Discurso durante a 90ª Sessão Deliberativa Ordinária, no Senado Federal

Comentários acerca de pesquisa recentemente divulgada sobre o comportamento de profissionais da saúde e da necessidade de mais investimento em sua formação ética.

Autor
Tião Viana (PT - Partido dos Trabalhadores/AC)
Nome completo: Sebastião Afonso Viana Macedo Neves
Casa
Senado Federal
Tipo
Discurso
Resumo por assunto
SAUDE.:
  • Comentários acerca de pesquisa recentemente divulgada sobre o comportamento de profissionais da saúde e da necessidade de mais investimento em sua formação ética.
Aparteantes
Marco Maciel.
Publicação
Publicação no DSF de 03/06/2010 - Página 25925
Assunto
Outros > SAUDE.
Indexação
  • ELOGIO, DISCURSO, MARCO MACIEL, SENADOR, REFERENCIA, ARBITRAGEM, LEGISLAÇÃO COMERCIAL, COMENTARIO, ORADOR, HISTORIA, BRASIL, NEGOCIAÇÃO, PAIS ESTRANGEIRO, BOLIVIA, ANEXAÇÃO, TERRITORIO, ESTADO DO ACRE (AC).
  • COMENTARIO, PESQUISA, CONSELHO REGIONAL, MEDICINA, ESTADO DE SÃO PAULO (SP), CONDUTA, SUPERIORIDADE, MAIORIA, MEDICO, RECEBIMENTO, VISITA, VALE BRINDE, BENEFICIO, REPRESENTANTE, LABORATORIO FARMACEUTICO, INDUSTRIA, MEDICAMENTOS, EQUIPAMENTOS, AMPLIAÇÃO, RECOMENDAÇÃO, PRODUTO, PACIENTE, COMPROMETIMENTO, RECURSOS, EMPRESA DE SEGUROS, SAUDE, SISTEMA UNICO DE SAUDE (SUS), NECESSIDADE, ATENÇÃO, CONSELHO FEDERAL, MINISTERIO DA SAUDE (MS), MINISTERIO DA EDUCAÇÃO (MEC).
  • COMENTARIO, ENCONTRO, MINISTRO, SUPREMO TRIBUNAL FEDERAL (STF), MINISTRO DE ESTADO, MINISTERIO DA SAUDE (MS), ADVOGADO-GERAL DA UNIÃO, DEBATE, NECESSIDADE, IMPLEMENTAÇÃO, SISTEMA UNICO DE SAUDE (SUS), POLITICA, FORNECIMENTO, MEDICAMENTOS, REGISTRO, SUPERIORIDADE, NUMERO, LIMINAR, JUDICIARIO, OBRIGAÇÃO, ATENDIMENTO, USUARIO, SAUDE PUBLICA, FALTA, RACIONALIZAÇÃO, GASTOS PUBLICOS.
  • LEITURA, ARTIGO, CODIGO, ETICA, MEDICO, PROIBIÇÃO, VINCULAÇÃO, DEPENDENCIA, RECEBIMENTO, VANTAGENS, INDUSTRIA FARMACEUTICA, INDUSTRIA, EQUIPAMENTOS, INTERESSE, NATUREZA COMERCIAL, NEGLIGENCIA, IMPARCIALIDADE, PESQUISA, PRESCRIÇÃO MEDICA, MAGISTERIO, PUBLICAÇÃO, PESQUISA CIENTIFICA, IGUALDADE, NORMAS, RESOLUÇÃO, CONSELHO FEDERAL, MEDICINA, AGENCIA NACIONAL DE VIGILANCIA SANITARIA (ANVISA), APREENSÃO, CONDUTA, DESRESPEITO, PREJUIZO, PACIENTE.
  • QUALIDADE, PROFESSOR UNIVERSITARIO, CONCLAMAÇÃO, REVISÃO, CURSO SUPERIOR, MEDICINA, INCLUSÃO, FORMAÇÃO, ETICA, ESTUDANTE, PREPARAÇÃO, MERCADO DE TRABALHO, NECESSIDADE, CAMPANHA, MINISTERIO DA SAUDE (MS), ESCLARECIMENTOS, FALTA, RACIONALIZAÇÃO, CONSUMO, MEDICAMENTOS, VALORIZAÇÃO, VIDA HUMANA, REPUDIO, FACILITAÇÃO, LUCRO.

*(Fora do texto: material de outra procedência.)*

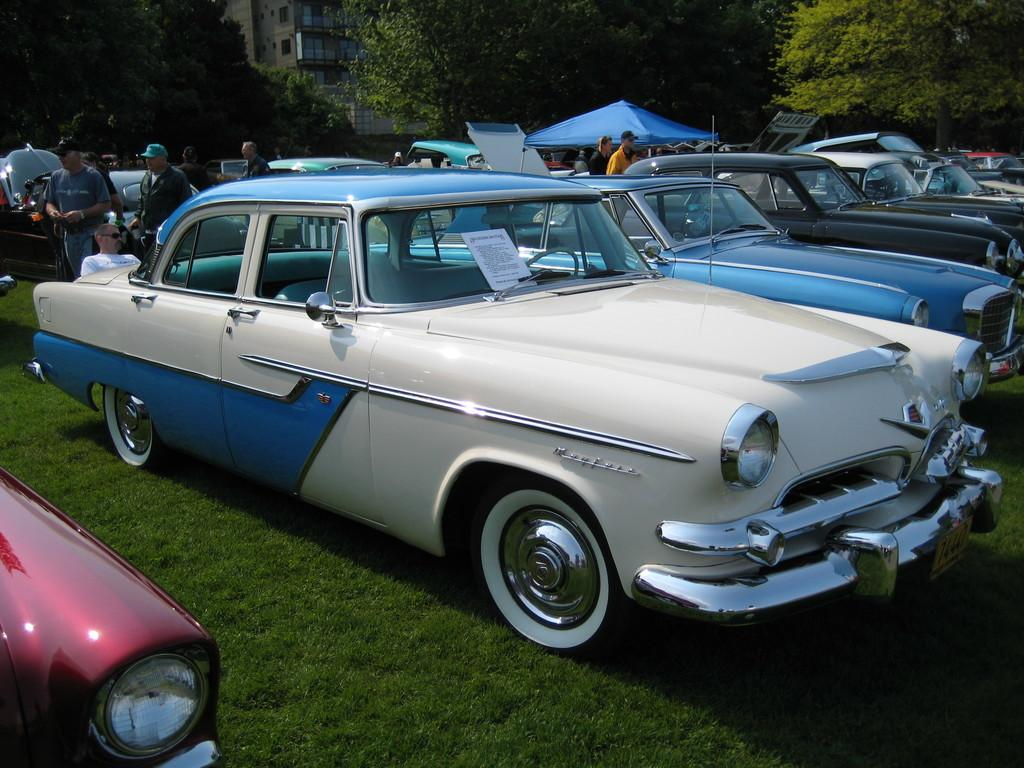What is the main subject of the image? The main subject of the image is many cars. Can you describe the people in the image? There are people between the cars in the image. What can be seen in the background of the image? There are trees and a building in the background of the image. What type of rose is growing on the hood of the car in the image? There is no rose present on any of the cars in the image.

                          SENADO FEDERAL SF -

            SECRETARIA-GERAL DA MESA

            SUBSECRETARIA DE TAQUIGRAFIA 


            O SR. TIÃO VIANA (Bloco/PT - AC. Para uma comunicação inadiável. Sem revisão do orador.) - Muito obrigado, Presidente Mão Santa.

            Srªs e Srs. Senadores, ouvindo as palavras do Senador Marco Maciel sobre a arbitragem, amanhã nós teremos a lembrança de um momento de insurreição quando as fronteiras não estavam demarcadas e a arbitragem não era o grande recurso, como ele muito bem citou, lembrando o Barão do Rio Branco. E José Carvalho, em 1899, desencadeou o processo de vontade de ter o Território do Acre, hoje Estado do Acre, como parte do Brasil. E, alguns anos após a Revolução de Plácido de Castro, o Barão do Rio Branco determinou os recursos de definição de fronteira, numa extraordinária e inusitada negociação com a Bolívia, considerando o Acre como parte do Brasil.

            O Sr. Marco Maciel (DEM - PE) - Se V. Exª me permite um aparte...

            O SR. TIÃO VIANA (Bloco/PT - AC) - Com prazer.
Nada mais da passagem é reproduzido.